- [Exercise goal] Go through the entries and copy each one exactly. Leave none out.

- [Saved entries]

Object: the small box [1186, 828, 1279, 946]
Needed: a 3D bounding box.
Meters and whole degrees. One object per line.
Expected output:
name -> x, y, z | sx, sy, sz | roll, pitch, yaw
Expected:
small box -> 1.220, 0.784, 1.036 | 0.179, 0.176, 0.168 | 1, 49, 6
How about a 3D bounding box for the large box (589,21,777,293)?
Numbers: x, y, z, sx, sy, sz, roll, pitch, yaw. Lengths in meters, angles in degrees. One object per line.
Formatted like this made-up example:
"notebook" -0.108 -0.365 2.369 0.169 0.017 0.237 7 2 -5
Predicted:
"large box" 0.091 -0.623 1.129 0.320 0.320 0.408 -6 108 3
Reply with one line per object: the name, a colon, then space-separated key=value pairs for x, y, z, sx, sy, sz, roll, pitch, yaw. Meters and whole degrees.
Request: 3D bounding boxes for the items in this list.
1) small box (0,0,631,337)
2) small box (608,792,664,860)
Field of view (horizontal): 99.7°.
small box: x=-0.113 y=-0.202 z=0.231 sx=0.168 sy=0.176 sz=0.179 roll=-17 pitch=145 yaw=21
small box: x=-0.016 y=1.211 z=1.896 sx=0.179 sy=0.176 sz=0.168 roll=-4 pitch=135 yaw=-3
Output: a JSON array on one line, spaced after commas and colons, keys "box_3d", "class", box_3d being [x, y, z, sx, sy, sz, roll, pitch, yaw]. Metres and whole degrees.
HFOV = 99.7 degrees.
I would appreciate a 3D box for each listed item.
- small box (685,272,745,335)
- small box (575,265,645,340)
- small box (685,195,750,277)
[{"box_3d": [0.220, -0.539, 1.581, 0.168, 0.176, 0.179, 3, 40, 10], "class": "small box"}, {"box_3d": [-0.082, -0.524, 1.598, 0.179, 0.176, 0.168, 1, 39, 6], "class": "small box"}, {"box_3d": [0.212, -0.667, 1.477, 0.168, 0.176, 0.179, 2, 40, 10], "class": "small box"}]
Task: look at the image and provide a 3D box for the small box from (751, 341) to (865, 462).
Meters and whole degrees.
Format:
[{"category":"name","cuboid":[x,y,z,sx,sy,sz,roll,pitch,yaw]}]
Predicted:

- [Written solution]
Object: the small box [1186, 828, 1279, 946]
Needed: a 3D bounding box.
Meters and whole degrees. One object per line.
Expected output:
name -> x, y, z | sx, sy, sz | roll, pitch, yaw
Expected:
small box -> 1.220, 0.784, 1.036 | 0.179, 0.176, 0.168 | 1, 49, 6
How about a 3D bounding box for the large box (589,21,777,293)?
Numbers: x, y, z, sx, sy, sz, roll, pitch, yaw. Lengths in meters, angles in degrees. One object per line.
Formatted like this made-up example:
"notebook" -0.108 -0.365 2.369 0.169 0.017 0.237 7 2 -5
Predicted:
"large box" 0.091 -0.623 1.129 0.320 0.320 0.408 -6 108 3
Reply with one line per object: the name, a colon, then space-separated key=value pairs for x, y, z, sx, sy, sz, roll, pitch, yaw. Meters and whole degrees.
Request: 3D bounding boxes for the items in this list.
1) small box (0,0,631,337)
2) small box (608,792,664,860)
Field of view (horizontal): 99.7°.
small box: x=-0.113 y=-0.202 z=0.231 sx=0.168 sy=0.176 sz=0.179 roll=-17 pitch=145 yaw=21
small box: x=-0.016 y=1.211 z=1.896 sx=0.179 sy=0.176 sz=0.168 roll=-4 pitch=135 yaw=-3
Output: a JSON array on one line, spaced after commas and colons, keys "box_3d", "class", box_3d being [x, y, z, sx, sy, sz, roll, pitch, yaw]. Metres and whole degrees.
HFOV = 99.7 degrees.
I would appreciate a 3D box for each listed item.
- small box (685,272,745,335)
- small box (575,265,645,340)
- small box (685,195,750,277)
[{"box_3d": [0.220, -0.539, 1.581, 0.168, 0.176, 0.179, 3, 40, 10], "class": "small box"}, {"box_3d": [-0.082, -0.524, 1.598, 0.179, 0.176, 0.168, 1, 39, 6], "class": "small box"}, {"box_3d": [0.212, -0.667, 1.477, 0.168, 0.176, 0.179, 2, 40, 10], "class": "small box"}]
Task: look at the image and provide a 3D box for the small box from (751, 341) to (865, 462).
Meters and whole degrees.
Format:
[{"category":"name","cuboid":[x,y,z,sx,sy,sz,roll,pitch,yaw]}]
Predicted:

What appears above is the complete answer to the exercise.